Department of Psychology, University of Campania "Luigi Vanvitelli", Viale Ellittico 31, 81100, Caserta, Italy.
Neuropsychology Service, Rehabilitation Unit, Department of Medicine, Surgery and Health Sciences, Trieste University Hospital-ASUGI, University of Trieste, Trieste, Italy.
Neurol Sci. 2023 Jan;44(1):159-170. doi: 10.1007/s10072-022-06422-z. Epub 2022 Sep 28.
In this phase II psychometric study on the Montreal cognitive assessment (MoCA), we tested the clinicometric properties of Italian norms for patients with mild cognitive impairment (PwMCI) and early dementia (PwD) and provided optimal cutoffs for diagnostic purposes.
Retrospective data collection was performed for consecutive patients with clinically and biologically defined MCI and early dementia. Forty-five patients (24 PwMCI and 21 PwD) and 25 healthy controls were included. Raw MoCA scores were adjusted according to the conventional 1-point correction (Nasreddine) and Italian norms (Conti, Santangelo, Aiello). The diagnostic properties of the original cutoff (< 26) and normative cutoffs, namely, the upper limits (uLs) of equivalent scores (ES) 1, 2, and 3, were evaluated. ROC curve analysis was performed to obtain optimal cutoffs.

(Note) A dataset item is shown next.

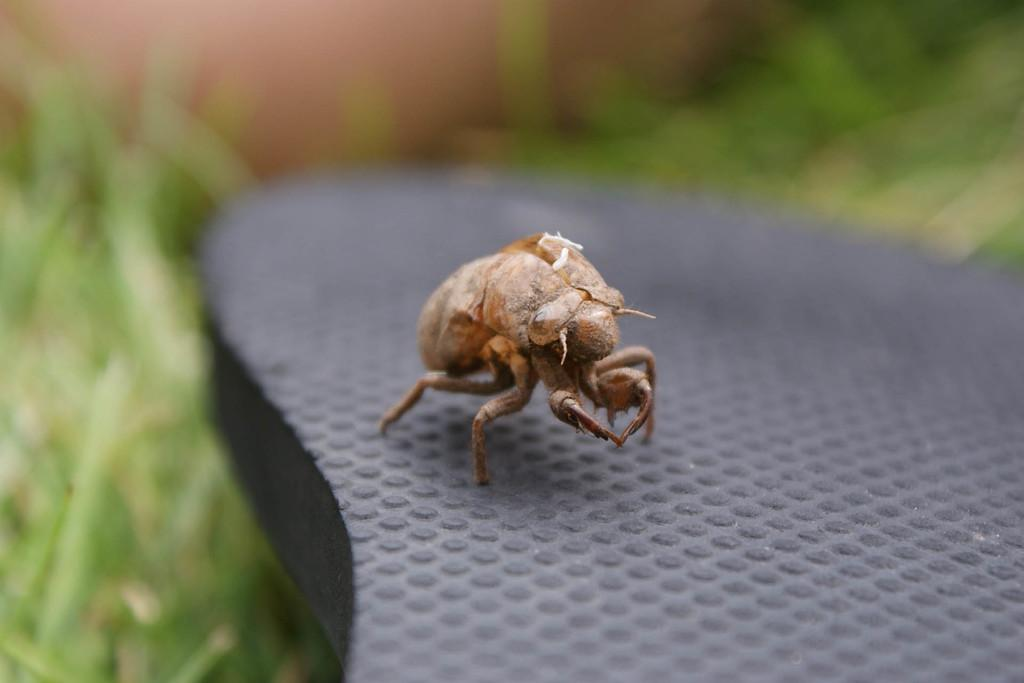What type of creature is present in the image? There is an insect in the image. What is the color of the surface where the insect is located? The insect is on a black surface. Can you describe the background of the image? The background of the image is blurred. What type of toothbrush is the insect using in the image? There is no toothbrush present in the image, and the insect is not using any tool or object. 
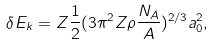Convert formula to latex. <formula><loc_0><loc_0><loc_500><loc_500>\delta E _ { k } = Z \frac { 1 } { 2 } ( 3 \pi ^ { 2 } Z \rho \frac { N _ { A } } { A } ) ^ { 2 / 3 } a _ { 0 } ^ { 2 } ,</formula> 
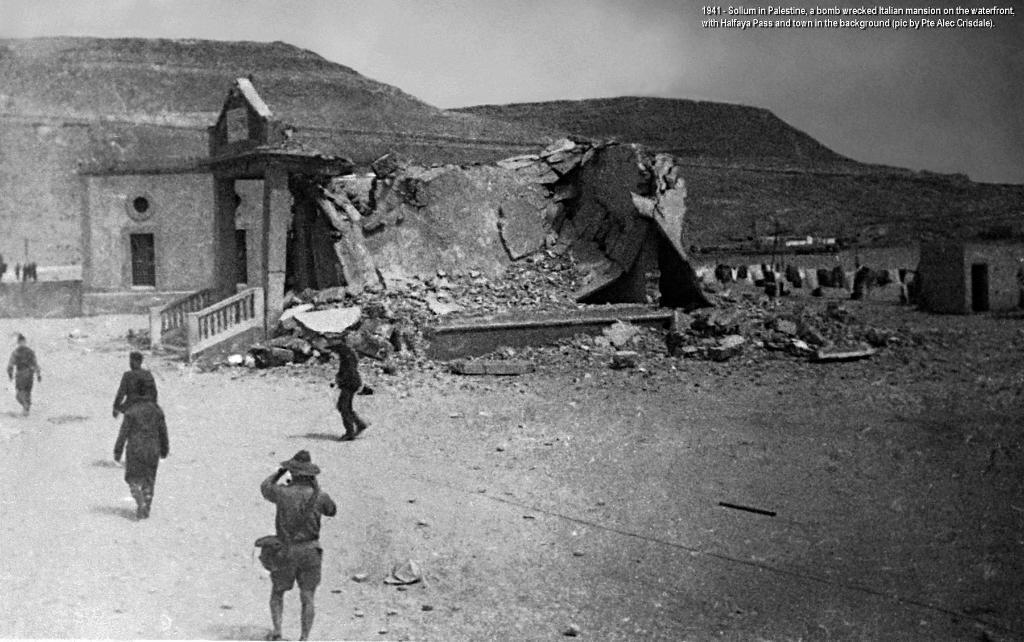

The original cutoff demonstrated high sensitivity (0.93 [95% CI 0.84-0.98]) but low specificity (0.44 [0.32-0.56]) in discriminating between patients and controls. Nominal normative cutoffs (ES0 uLs) showed excellent specificity (SP range = 0.96-1.00 [0.88-1.00]) but poor sensitivity (SE range = 0.09-0.24 [0.04-0.36]). The optimal cutoff for Nasreddine's method was 23.50 (SE = 0.82 [0.71-0.90]; SP = 0.72 [0.60-0.82]). Optimal cutoffs were 20.97, 22.85, and 22.29 (SE range = 0.69-0.73 [0.57-0.83], SP range = 0.88-0.92 [0.77-0.97]) for Conti's, Santangelo's, and Aiello's methods, respectively.
Using the 1-point correction, combined with a cutoff of 23.50, might be useful in ambulatory settings with a large turnout. Our optimal cutoffs can offset the poor sensitivity of Italian cutoffs.
在蒙特利尔认知评估(MoCA)的这一阶段 II 心理测量研究中,我们测试了意大利轻度认知障碍(MCI)和早期痴呆(D)患者的临床计量学特性,并提供了用于诊断的最佳截断值。
对经临床和生物学定义为 MCI 和早期痴呆的连续患者进行回顾性数据收集。共纳入 45 例患者(24 例轻度认知障碍患者和 21 例早期痴呆患者)和 25 例健康对照者。根据常规的 1 分校正(Nasreddine)和意大利标准(Conti、Santangelo、Aiello)对原始 MoCA 评分进行调整。评估原始截断值(<26)和规范截断值(即等效分数(ES)1、2 和 3 的上限(uL))的诊断特性。进行 ROC 曲线分析以获得最佳截断值。
原始截断值在区分患者和对照者方面具有高敏感性(0.93 [95%CI 0.84-0.98]),但特异性低(0.44 [0.32-0.56])。名义规范截断值(ES0 uL)表现出极好的特异性(SP 范围=0.96-1.00 [0.88-1.00]),但敏感性差(SE 范围=0.09-0.24 [0.04-0.36])。用于 Nasreddine 方法的最佳截断值为 23.50(SE=0.82 [0.71-0.90];SP=0.72 [0.60-0.82])。对于 Conti、Santangelo 和 Aiello 的方法,最佳截断值分别为 20.97、22.85 和 22.29(SE 范围=0.69-0.73 [0.57-0.83],SP 范围=0.88-0.92 [0.77-0.97])。
使用 1 分校正,结合 23.50 的截断值,可能对 turnout 较大的门诊环境有用。我们的最佳截断值可以弥补意大利截断值敏感性差的问题。